Las constantes quejas de la población respecto de la mala calidad de productos o la deficiencia en la prestación de servicios, evidencia la problemática latente en ese campo y la falta de efectividad del Gobierno para velar por los intereses de los consumidores.
A diario se escuchan, de manera generalizada, lamentos por cobros excesivos, errores de facturación, mala calidad de productos o abusos en peso y medidas, en electricidad, telefonía, televisión por cable, agua, transporte, gas propano, servicios bancarios o provisión al detalle, ropa, electrodomésticos y muchos otros rubros.
Por lo general, el afectado, carente de tradición de denuncia, canaliza su inconformidad en comentarios informales, pues ese es, además, su único desahogo a falta de sanción en contra del abuso, por la falta de aplicación de la Ley de defensa del consumidor, aprobada recientemente por el Congreso.
Ese instrumento, creado con el objetivo de asegurar al consumidor y al usuario la calidad de los productos, con el fin de garantizar su salud, su seguridad y sus legítimos intereses económicos, se ha quedado, ante la imposibilidad de su eficacia, en buenas intenciones, pues no reporta mayores logros en torno a la anhelada equidad entre proveedores y consumidores.
Esa ley es, en efecto, pletórica en aspiraciones, hasta el extremo de definirse asimismo como tutelar del consumidor y mínima en cuanto a derechos y garantías de carácter irrenunciable.
Empero, el trabajo de su órgano ejecutor, la Secretaria de Estado de Industria y Comercio, no ha pasado del campo meramente simbólico.
No se pone en duda la voluntad de sus autoridades, pero los resultados de su trabajo, por la razón que sea, no repercuten en resultados tangibles para corregir la arraigada cultura de esquilmación y timo practicada por ciertos agentes económicos y proveedores de bienes y servicios.
Con ese marco operacional débil es imposible reivindicar los derechos de alguien afectado por algún acto fraudulento, como la reparación o reposición de un producto, indemnización por daños o la devolución del dinero.
En cuanto a los consumidores, es poco lo que se puede esperar de ellos, por sus carencias de todo tipo.
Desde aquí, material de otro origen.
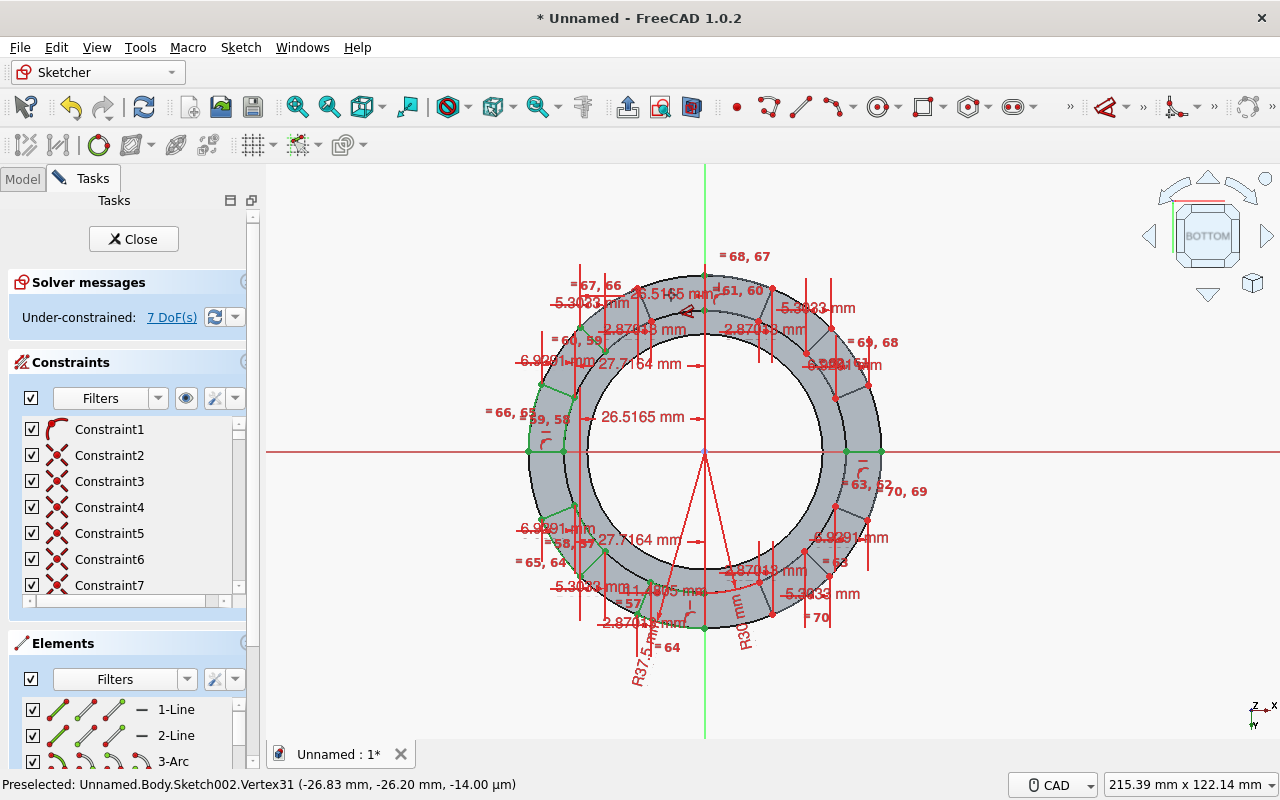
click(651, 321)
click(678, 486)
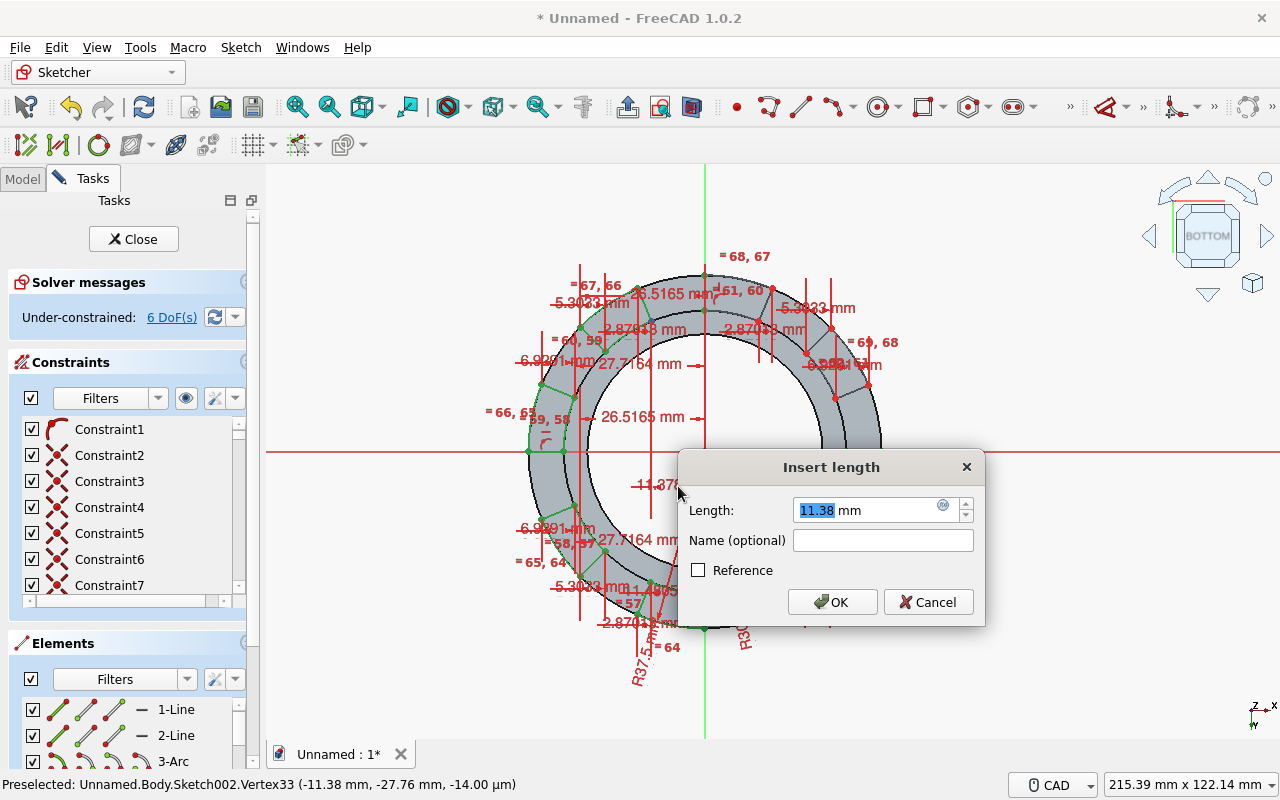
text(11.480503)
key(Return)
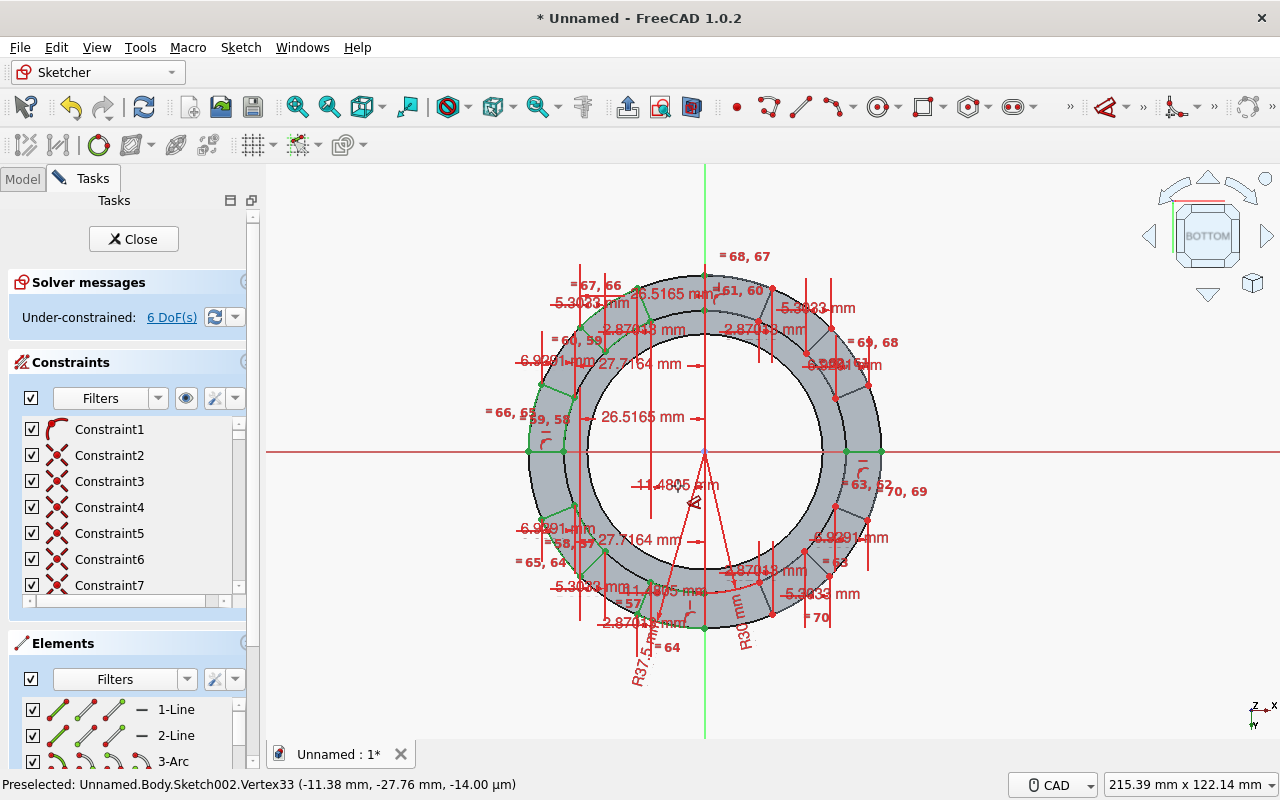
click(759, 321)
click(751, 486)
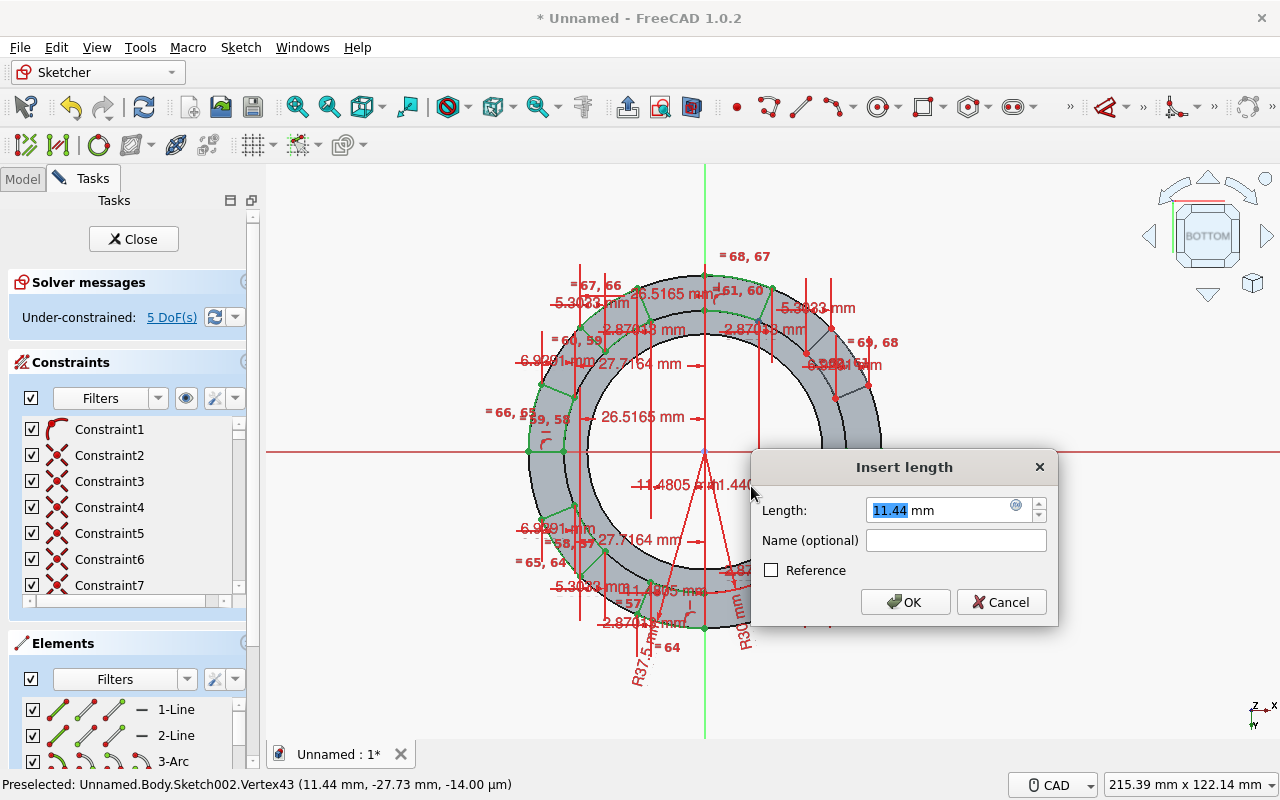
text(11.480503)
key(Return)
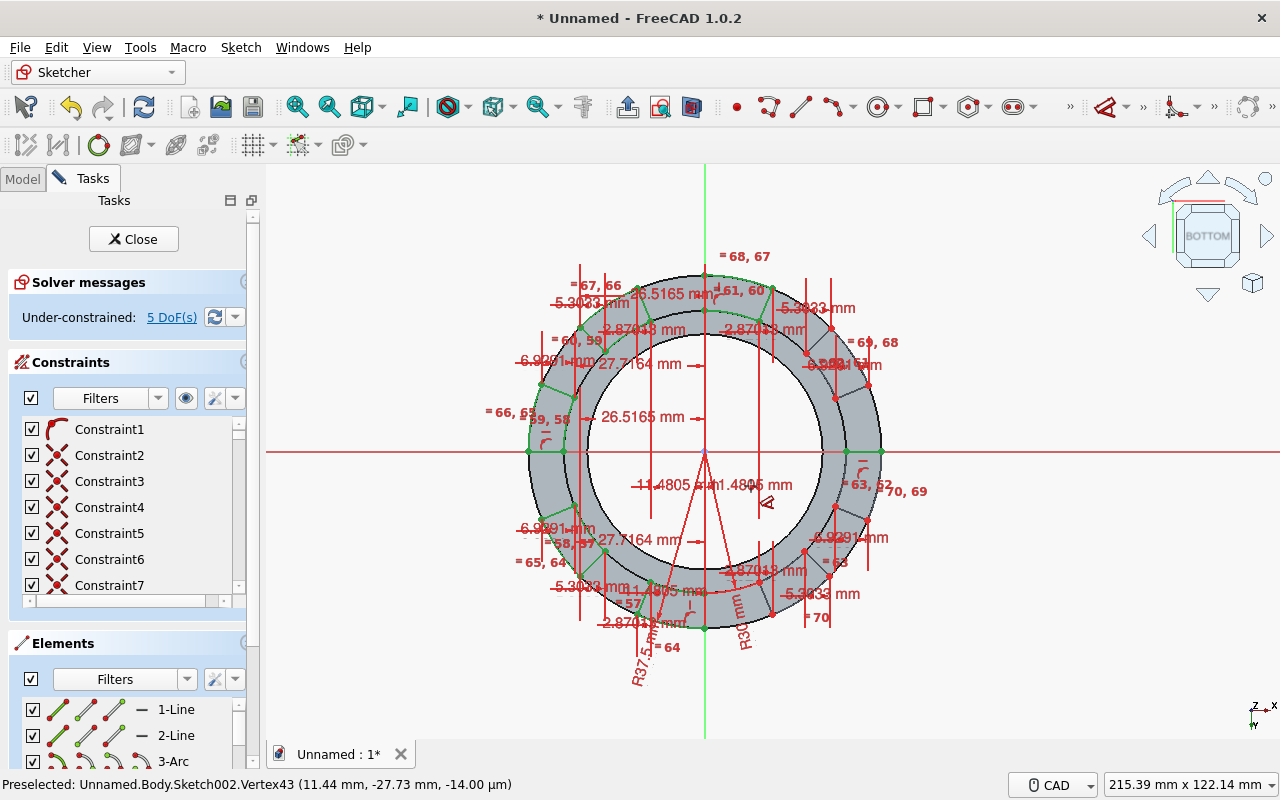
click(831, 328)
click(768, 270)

Son ineludibles las medidas punitivas en respuesta a los abusos, y su difusión, para darle característica y beneficio preventivo.
Sin embargo, el pobre régimen sancionatorio y el prolijo proceso para aplicarlo, así como las limitaciones a los consumidores organizados para accionar más allá del simbolismo del reclamo sin valor judicial, convierten en estériles y frustrantes los esfuerzos en tal sentido y, consecuentemente, en una quimera la necesidad de reivindicar al ciudadano en aquel ingrediente básico de la justicia social.